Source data
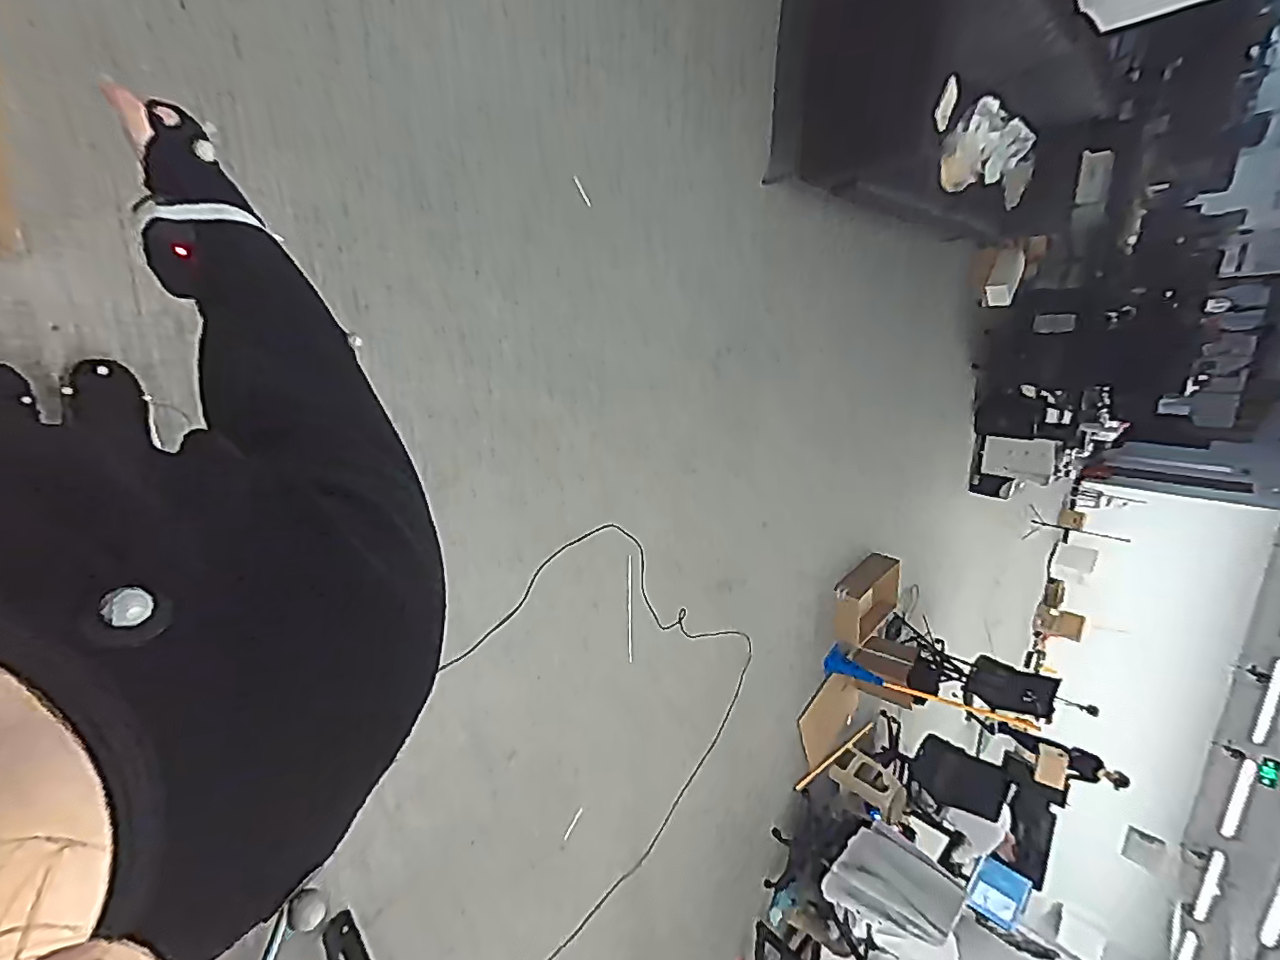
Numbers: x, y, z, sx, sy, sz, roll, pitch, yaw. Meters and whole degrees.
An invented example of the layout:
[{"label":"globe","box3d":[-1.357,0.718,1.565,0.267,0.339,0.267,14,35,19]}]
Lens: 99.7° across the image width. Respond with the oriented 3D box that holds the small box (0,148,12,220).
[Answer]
* * *
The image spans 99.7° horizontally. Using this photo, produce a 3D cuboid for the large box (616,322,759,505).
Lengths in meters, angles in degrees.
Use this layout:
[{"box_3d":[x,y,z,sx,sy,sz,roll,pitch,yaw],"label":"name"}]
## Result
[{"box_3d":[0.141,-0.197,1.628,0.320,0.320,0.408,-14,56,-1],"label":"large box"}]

> [EXERCISE]:
From the entries above, copy each line holding "layout".

> [WRITTEN SOLUTION]:
An invented example of the layout:
Use this layout:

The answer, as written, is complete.